For simplicity, subset the data so that you only have observations with $1 \leq$ totchi $\leq 5$. Now regress aauw on ngirls separately for every value of totchi. So you should run five different regressions, one each for totchi $\in\{1,2,3,4,5\}$. Plot the estimated treatment effect, along with its $95 \%$ confidence interval, for each value of totchi. Based on the plotted confidence intervals, can you reject the null hypothesis that the marginal effect of ngirls is equal for individuals with totchi=3 and totchi=4? Explain.
Using the results from Part G, construct an estimate for the Average Treatment Effect by taking a weighted average of the estimates at each value of totchi, where the weights are the proportion of observations in that stratum. Formally, if $ATE_{i}$ is the ATE estimated for individuals with totchi=i, calculate the quantity
$A T E=\sum_{i=1}^{5} \frac{n_{i}}{N} A T E_{i}$
where $N$ is the total sample size and $n_{i}$ is the number of individuals with totchi=i.
$R$ Users Only: Create a function that combines the five separate ATEs, as in Part H. Using 400 iterations, bootstrap the dataset (i.e., sample from the data with replacement) and get 400 estimates for the overall ATE. Report the bootstrapped standard error of the overall ATE, and present a density plot of the estimated sampling distribution.
Continue to use the subsetted data from Part G. Generate a set of dummy variables for every value that totchi takes on, but DO NOT generate one for totchi=1. So you should have four different dummy variables.
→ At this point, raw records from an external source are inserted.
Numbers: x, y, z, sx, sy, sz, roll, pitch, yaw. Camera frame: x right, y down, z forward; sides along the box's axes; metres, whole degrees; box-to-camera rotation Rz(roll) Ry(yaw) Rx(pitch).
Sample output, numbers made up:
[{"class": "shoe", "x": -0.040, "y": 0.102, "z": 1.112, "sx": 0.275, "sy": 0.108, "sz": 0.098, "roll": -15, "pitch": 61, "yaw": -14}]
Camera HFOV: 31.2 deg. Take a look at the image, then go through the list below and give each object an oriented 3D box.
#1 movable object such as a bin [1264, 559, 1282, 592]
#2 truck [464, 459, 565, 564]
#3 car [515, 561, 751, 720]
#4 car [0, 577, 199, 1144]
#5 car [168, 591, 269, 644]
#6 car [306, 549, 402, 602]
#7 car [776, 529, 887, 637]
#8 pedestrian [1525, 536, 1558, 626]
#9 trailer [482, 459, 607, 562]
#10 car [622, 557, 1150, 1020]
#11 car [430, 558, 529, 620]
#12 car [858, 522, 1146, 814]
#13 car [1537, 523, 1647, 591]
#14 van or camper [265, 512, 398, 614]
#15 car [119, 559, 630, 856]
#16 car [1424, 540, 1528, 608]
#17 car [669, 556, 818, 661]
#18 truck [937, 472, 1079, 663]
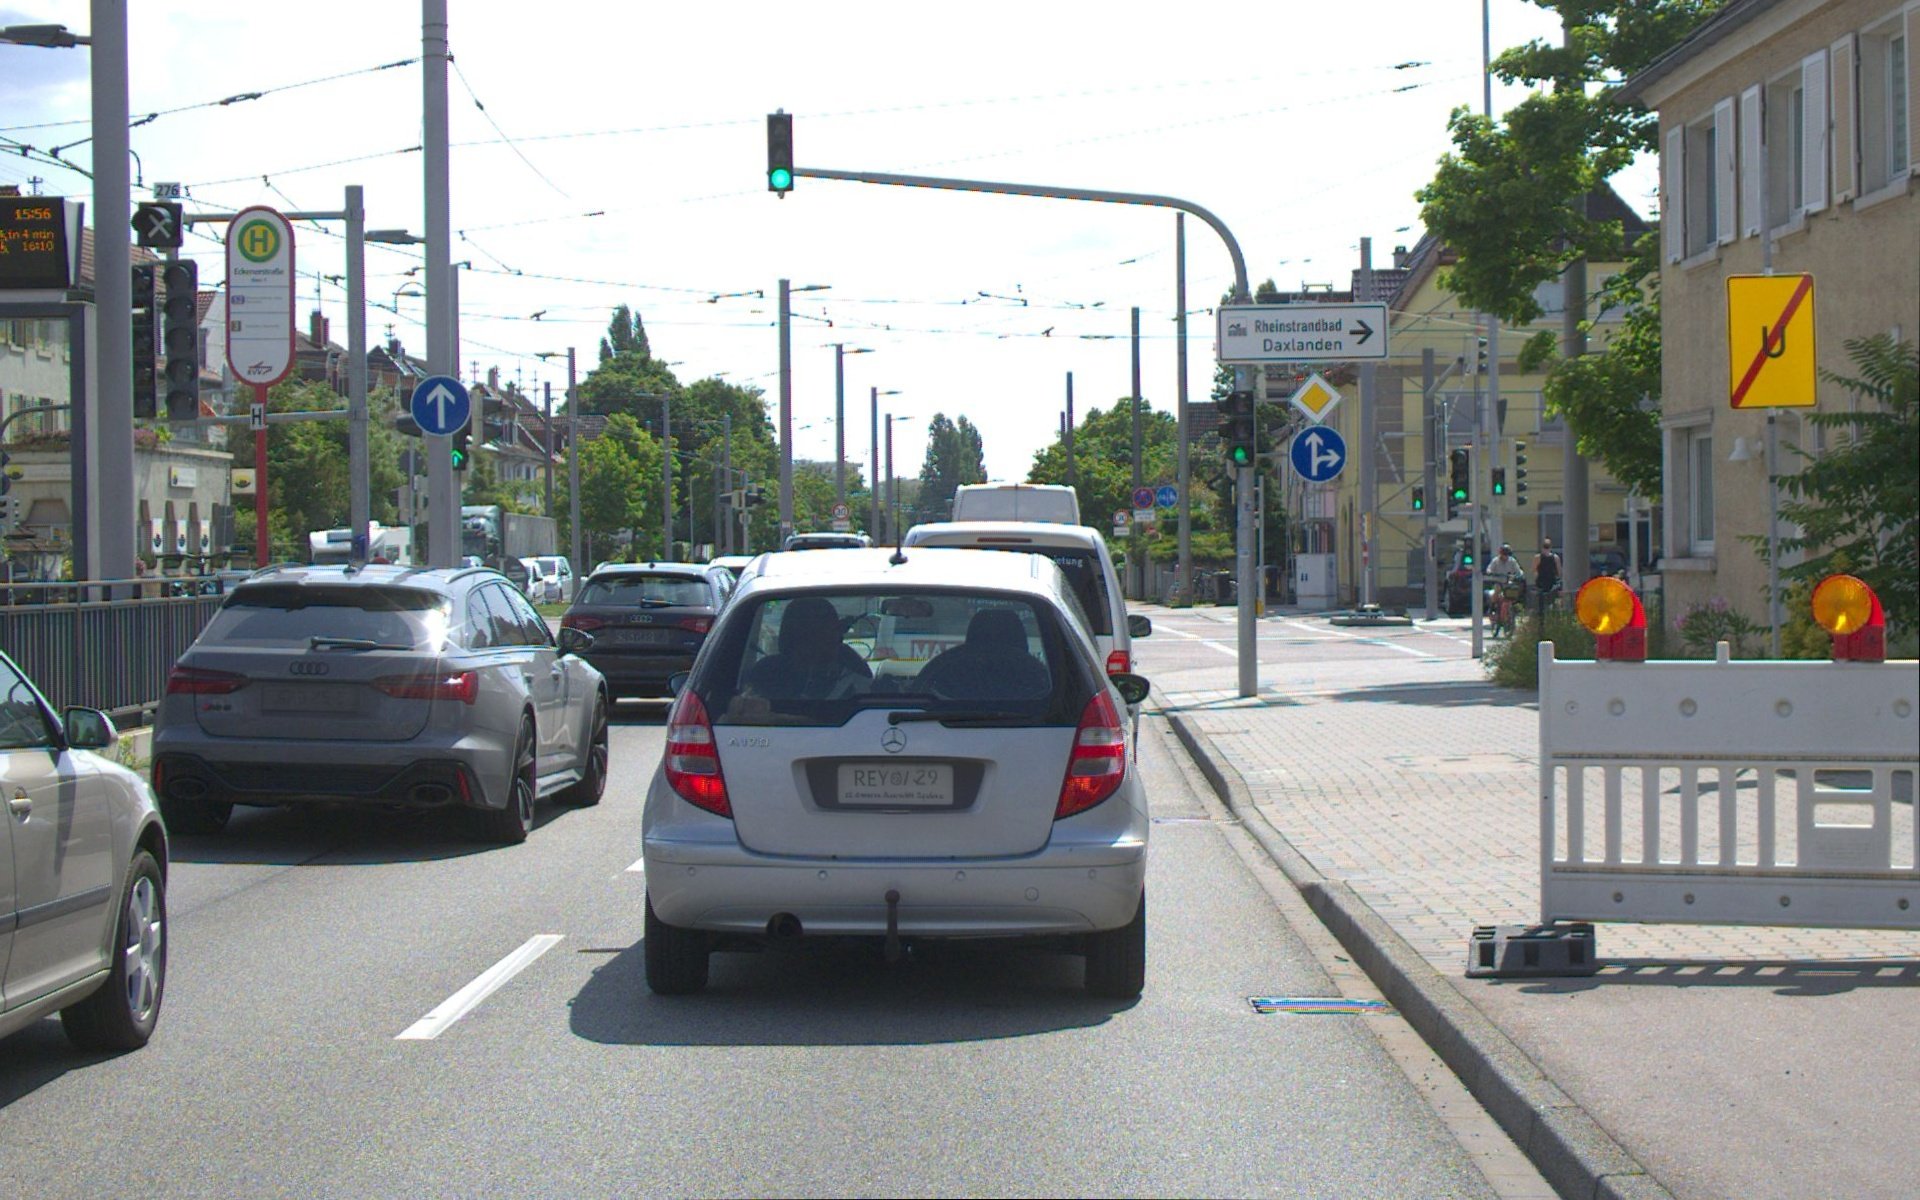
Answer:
[{"class": "movable object such as a bin", "x": 9.155, "y": -0.708, "z": 100.431, "sx": 0.468, "sy": 0.943, "sz": 0.558, "roll": -1, "pitch": 0, "yaw": 1}, {"class": "truck", "x": -17.023, "y": -3.388, "z": 131.772, "sx": 2.599, "sy": 3.808, "sz": 5.667, "roll": -3, "pitch": 1, "yaw": 4}, {"class": "car", "x": -3.045, "y": 0.353, "z": 32.810, "sx": 1.852, "sy": 1.384, "sz": 4.514, "roll": 1, "pitch": 0, "yaw": -1}, {"class": "car", "x": -3.303, "y": 0.654, "z": 8.876, "sx": 1.731, "sy": 1.444, "sz": 4.123, "roll": 1, "pitch": 0, "yaw": 0}, {"class": "car", "x": -19.661, "y": 0.438, "z": 91.300, "sx": 1.684, "sy": 1.347, "sz": 4.345, "roll": 1, "pitch": 0, "yaw": 1}, {"class": "car", "x": -16.005, "y": -0.651, "z": 90.986, "sx": 1.684, "sy": 1.347, "sz": 4.177, "roll": 1, "pitch": 0, "yaw": 2}, {"class": "car", "x": -2.255, "y": -0.307, "z": 61.316, "sx": 1.852, "sy": 1.837, "sz": 3.918, "roll": 1, "pitch": 0, "yaw": -1}, {"class": "pedestrian", "x": 10.751, "y": -0.349, "z": 63.539, "sx": 0.547, "sy": 1.638, "sz": 0.401, "roll": 1, "pitch": 0, "yaw": 6}, {"class": "trailer", "x": -16.611, "y": -3.596, "z": 138.384, "sx": 2.599, "sy": 3.808, "sz": 12.836, "roll": -3, "pitch": 1, "yaw": 3}, {"class": "car", "x": -0.284, "y": 0.617, "z": 13.407, "sx": 1.730, "sy": 1.512, "sz": 4.017, "roll": 1, "pitch": 0, "yaw": -1}, {"class": "car", "x": -14.718, "y": -0.362, "z": 105.524, "sx": 1.994, "sy": 1.770, "sz": 4.878, "roll": -2, "pitch": 1, "yaw": 4}, {"class": "car", "x": 0.215, "y": 0.404, "z": 22.936, "sx": 1.730, "sy": 1.756, "sz": 4.017, "roll": 1, "pitch": 0, "yaw": -1}, {"class": "car", "x": 15.376, "y": -1.026, "z": 83.820, "sx": 1.993, "sy": 1.590, "sz": 4.131, "roll": 1, "pitch": 0, "yaw": 1}, {"class": "van or camper", "x": -18.983, "y": -1.121, "z": 104.257, "sx": 2.324, "sy": 2.920, "sz": 7.754, "roll": -2, "pitch": 1, "yaw": 2}, {"class": "car", "x": -3.178, "y": 0.522, "z": 19.631, "sx": 1.916, "sy": 1.472, "sz": 4.562, "roll": 1, "pitch": 0, "yaw": 3}, {"class": "car", "x": 12.544, "y": -0.629, "z": 83.771, "sx": 1.993, "sy": 1.590, "sz": 4.131, "roll": 1, "pitch": 0, "yaw": 1}, {"class": "car", "x": -2.983, "y": 0.106, "z": 48.020, "sx": 1.852, "sy": 1.384, "sz": 3.918, "roll": 1, "pitch": 0, "yaw": -1}, {"class": "truck", "x": 0.628, "y": -0.454, "z": 49.178, "sx": 1.852, "sy": 2.543, "sz": 5.855, "roll": 1, "pitch": 0, "yaw": -1}]

Call these totchi2 through totchi5. totchi2, for example, takes the value one for observations with exactly 2 total children, and 0 otherwise. Regress aauw on ngirls and totchi2 through totchi5 and report the coefficient on ngirls. (If it is convenient, you may have R generate the dummies automatically in the regression using factor(), in which case you can disregard the instructions about naming the dummies). Is the coefficient on ngirls the same as the ATE calculated in Part H? Why or why not?
Like in previous problem sets, create a plot showing the estimated effect for different levels of totchi. The horizontal axis should represent ngirls, the vertical axis aauw, with different lines for the different levels of totchi.
Continue to use the subsetted data from Part G. Along with the dummy variables for totchi that you generated in Part J, generate interactions of each dummy with ngirls. Call these interactions ngirls_totchi2 through ngirls_totchi5. Regress aauw on ngirls, the dummies (totchi2 through totchi5), and the interactions (ngirls_totchi2 through ngirls_totchi5). (If it is convenient, you may have R generate the dummies automatically in the regression using factor(), in which case you can disregard the instructions about naming the dummies). Create another plot of the results, like in Part K. How are the effects different here? Why?
Returning to the regression from Part C above and using any of the tools from earlier in this course, evaluate the assumption of constant variance. If necessary, replicate your analysis while correcting for any violations of this assumption.
Again returning to the regression from Part C above and using any of the tools from earlier in this course, evaluate the assumption of normality.